Content starts

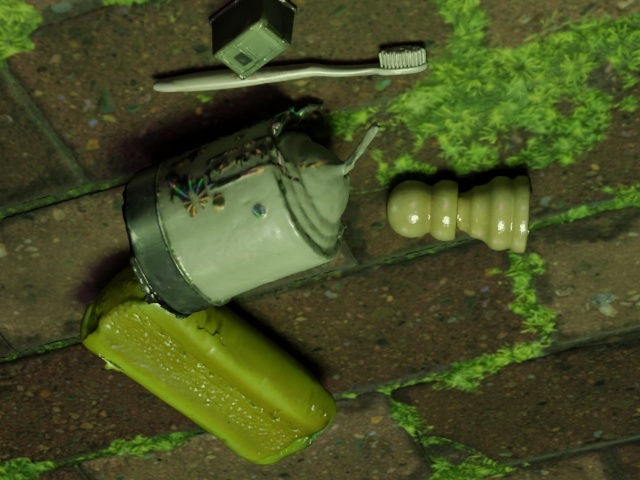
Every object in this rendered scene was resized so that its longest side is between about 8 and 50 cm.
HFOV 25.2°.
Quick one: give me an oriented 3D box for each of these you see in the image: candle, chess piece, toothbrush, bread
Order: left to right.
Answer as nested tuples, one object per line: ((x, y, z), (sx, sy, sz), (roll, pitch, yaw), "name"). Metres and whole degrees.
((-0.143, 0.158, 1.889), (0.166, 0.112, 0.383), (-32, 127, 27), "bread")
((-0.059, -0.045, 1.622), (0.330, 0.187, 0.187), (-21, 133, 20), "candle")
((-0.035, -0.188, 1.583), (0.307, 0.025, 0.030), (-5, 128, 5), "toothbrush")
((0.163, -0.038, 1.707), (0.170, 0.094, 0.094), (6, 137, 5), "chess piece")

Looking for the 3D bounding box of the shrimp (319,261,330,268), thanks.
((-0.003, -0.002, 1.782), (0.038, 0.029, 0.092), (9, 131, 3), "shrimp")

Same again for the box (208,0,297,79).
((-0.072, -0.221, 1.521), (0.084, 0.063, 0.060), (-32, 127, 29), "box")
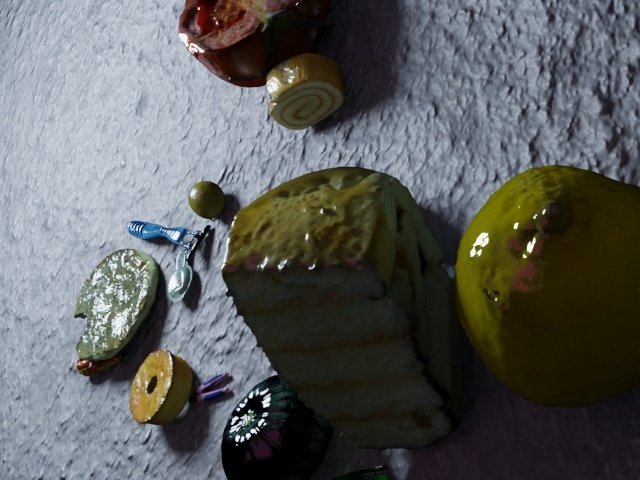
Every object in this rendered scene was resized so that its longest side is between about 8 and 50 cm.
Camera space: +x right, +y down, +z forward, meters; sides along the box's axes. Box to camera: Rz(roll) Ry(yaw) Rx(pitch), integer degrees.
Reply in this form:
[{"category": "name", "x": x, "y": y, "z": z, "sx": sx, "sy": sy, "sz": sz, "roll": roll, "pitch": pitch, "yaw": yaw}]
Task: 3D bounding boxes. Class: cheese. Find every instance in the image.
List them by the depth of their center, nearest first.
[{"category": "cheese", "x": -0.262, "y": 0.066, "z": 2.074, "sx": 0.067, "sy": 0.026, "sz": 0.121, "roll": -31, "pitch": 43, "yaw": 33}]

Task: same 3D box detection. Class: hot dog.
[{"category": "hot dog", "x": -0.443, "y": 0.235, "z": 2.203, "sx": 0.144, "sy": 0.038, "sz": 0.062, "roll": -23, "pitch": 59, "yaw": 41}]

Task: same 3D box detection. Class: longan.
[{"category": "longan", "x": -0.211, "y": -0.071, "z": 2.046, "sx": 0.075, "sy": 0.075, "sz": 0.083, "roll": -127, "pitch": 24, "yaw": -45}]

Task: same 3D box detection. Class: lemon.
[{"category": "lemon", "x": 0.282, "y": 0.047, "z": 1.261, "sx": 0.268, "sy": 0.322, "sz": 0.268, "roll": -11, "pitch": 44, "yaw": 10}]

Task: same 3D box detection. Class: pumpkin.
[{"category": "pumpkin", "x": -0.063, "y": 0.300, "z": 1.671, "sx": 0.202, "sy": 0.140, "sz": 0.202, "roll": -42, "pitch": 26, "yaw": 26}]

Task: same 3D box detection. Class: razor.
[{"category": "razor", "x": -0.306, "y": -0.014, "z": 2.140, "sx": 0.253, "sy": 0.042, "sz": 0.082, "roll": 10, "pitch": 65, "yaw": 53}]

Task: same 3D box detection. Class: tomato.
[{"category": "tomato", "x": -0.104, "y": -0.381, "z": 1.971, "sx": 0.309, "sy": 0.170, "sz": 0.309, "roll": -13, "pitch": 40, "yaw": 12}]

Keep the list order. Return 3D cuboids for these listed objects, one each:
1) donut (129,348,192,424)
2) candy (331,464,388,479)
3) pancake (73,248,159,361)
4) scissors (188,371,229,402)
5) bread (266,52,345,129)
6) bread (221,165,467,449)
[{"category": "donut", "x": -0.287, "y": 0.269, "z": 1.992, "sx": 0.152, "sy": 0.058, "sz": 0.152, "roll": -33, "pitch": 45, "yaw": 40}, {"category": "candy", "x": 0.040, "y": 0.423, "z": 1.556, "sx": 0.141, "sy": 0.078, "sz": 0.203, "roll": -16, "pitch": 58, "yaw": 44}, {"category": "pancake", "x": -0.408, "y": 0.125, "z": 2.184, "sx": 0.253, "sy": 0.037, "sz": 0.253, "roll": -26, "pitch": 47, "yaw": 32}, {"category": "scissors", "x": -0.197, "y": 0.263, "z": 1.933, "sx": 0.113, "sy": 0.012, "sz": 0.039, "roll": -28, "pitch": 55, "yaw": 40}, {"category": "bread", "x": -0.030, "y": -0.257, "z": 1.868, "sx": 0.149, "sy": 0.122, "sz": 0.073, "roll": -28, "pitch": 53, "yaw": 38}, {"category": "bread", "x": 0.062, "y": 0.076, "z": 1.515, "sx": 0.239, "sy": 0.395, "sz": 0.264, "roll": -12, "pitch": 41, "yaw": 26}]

Content ends
Content starts

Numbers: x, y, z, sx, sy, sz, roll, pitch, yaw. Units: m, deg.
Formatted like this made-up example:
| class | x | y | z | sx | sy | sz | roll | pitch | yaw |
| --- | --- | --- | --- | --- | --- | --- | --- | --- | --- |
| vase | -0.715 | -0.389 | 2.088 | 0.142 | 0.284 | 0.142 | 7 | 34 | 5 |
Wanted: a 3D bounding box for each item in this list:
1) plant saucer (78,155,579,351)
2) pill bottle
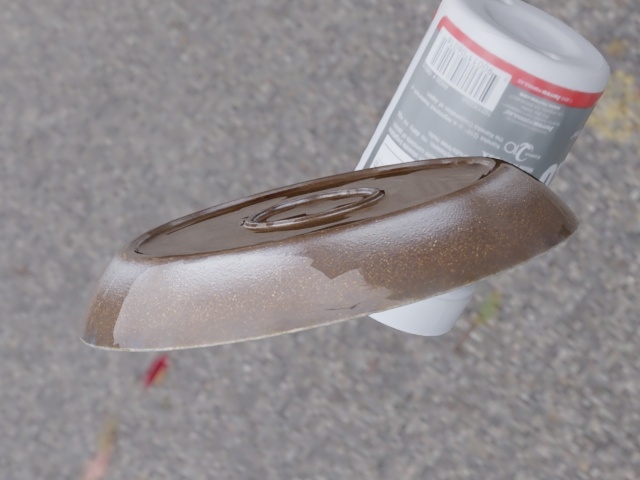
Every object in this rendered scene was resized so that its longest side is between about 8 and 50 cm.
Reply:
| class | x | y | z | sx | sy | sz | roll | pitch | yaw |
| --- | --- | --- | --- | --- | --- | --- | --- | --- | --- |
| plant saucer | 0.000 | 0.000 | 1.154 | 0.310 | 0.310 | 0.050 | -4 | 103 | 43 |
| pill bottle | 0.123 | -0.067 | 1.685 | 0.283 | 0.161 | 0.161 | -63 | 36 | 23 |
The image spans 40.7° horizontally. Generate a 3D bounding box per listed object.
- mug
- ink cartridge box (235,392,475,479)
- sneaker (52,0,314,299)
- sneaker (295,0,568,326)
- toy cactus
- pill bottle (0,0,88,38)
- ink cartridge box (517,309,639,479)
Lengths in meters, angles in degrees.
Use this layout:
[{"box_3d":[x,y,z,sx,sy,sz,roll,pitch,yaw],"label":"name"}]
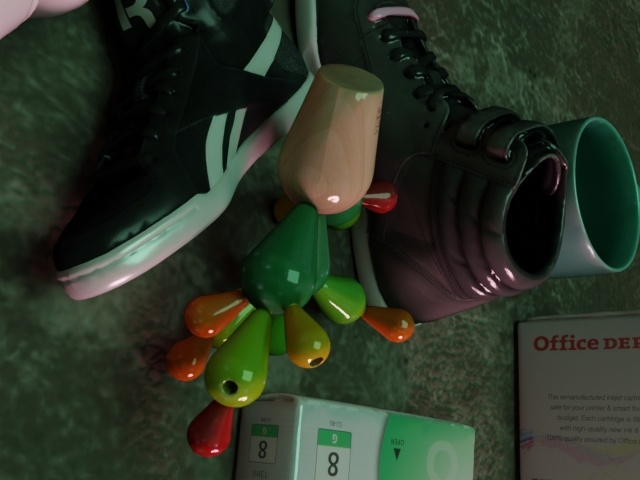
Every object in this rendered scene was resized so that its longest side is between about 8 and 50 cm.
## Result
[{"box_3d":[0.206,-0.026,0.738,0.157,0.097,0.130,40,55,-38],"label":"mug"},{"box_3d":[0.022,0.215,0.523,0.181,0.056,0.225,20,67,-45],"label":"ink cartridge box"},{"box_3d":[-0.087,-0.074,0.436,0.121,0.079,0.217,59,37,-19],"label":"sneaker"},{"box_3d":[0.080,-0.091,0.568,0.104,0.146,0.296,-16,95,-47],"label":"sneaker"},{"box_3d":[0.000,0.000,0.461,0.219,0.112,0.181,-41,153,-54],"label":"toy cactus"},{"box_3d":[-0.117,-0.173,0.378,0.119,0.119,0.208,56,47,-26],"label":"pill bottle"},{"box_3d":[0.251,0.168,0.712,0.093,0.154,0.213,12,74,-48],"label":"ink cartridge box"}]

Content ends
Content starts

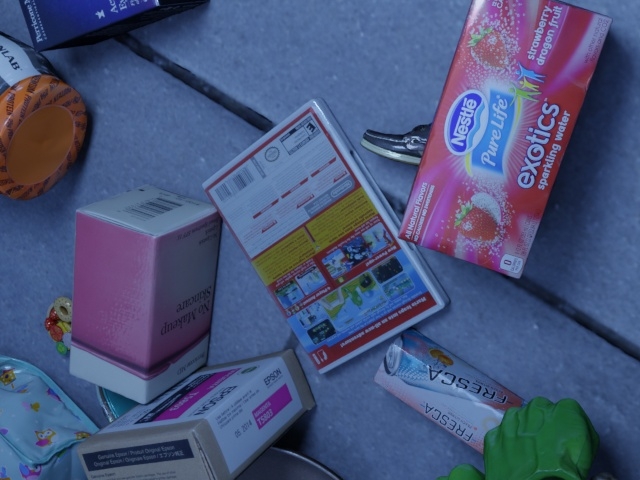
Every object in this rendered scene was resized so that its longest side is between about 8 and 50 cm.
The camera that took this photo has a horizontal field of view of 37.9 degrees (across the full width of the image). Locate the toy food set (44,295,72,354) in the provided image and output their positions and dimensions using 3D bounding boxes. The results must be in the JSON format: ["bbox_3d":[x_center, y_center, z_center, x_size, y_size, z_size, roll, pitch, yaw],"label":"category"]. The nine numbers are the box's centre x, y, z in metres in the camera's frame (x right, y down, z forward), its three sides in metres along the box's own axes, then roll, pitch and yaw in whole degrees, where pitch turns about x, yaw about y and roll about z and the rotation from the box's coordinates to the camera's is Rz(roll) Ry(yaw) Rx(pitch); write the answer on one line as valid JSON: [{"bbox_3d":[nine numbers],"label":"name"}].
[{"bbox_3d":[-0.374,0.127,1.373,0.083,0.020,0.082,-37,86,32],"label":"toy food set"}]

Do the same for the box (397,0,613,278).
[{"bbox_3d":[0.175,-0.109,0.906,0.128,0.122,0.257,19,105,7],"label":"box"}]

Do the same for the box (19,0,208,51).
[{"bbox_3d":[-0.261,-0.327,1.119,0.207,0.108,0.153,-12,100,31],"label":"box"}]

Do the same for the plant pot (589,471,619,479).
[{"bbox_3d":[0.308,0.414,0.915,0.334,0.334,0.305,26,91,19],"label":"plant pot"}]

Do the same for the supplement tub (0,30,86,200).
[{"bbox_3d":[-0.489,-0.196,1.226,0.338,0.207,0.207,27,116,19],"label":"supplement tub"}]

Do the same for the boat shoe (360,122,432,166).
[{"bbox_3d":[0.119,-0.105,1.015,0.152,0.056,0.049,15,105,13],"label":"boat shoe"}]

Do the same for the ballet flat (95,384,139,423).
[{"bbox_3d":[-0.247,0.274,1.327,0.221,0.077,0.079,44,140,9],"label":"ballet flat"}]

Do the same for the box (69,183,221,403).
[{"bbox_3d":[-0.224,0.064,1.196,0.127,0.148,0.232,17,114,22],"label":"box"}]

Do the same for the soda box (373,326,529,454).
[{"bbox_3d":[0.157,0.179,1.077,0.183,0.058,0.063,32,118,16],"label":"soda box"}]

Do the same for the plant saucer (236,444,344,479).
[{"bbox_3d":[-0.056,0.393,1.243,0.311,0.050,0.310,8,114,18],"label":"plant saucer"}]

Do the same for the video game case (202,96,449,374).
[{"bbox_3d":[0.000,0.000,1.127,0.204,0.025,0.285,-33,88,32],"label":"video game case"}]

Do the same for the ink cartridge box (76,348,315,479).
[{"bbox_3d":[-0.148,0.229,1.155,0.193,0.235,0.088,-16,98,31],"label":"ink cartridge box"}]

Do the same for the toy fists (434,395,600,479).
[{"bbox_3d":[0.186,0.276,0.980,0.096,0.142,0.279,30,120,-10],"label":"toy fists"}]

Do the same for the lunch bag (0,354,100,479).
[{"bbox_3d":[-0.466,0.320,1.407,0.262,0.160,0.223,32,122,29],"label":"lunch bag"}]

Content ends

• _PROBLEM TO WORK ON_
What lines in the entries above hold "these"? Copy every one.

• _RESULT OF THE TASK_
Quick one: give me an oriented 3D box for each of these you see in the image: candle, chess piece, toothbrush, bread
Keep the list order. Return 3D cuboids for these listed objects, one each:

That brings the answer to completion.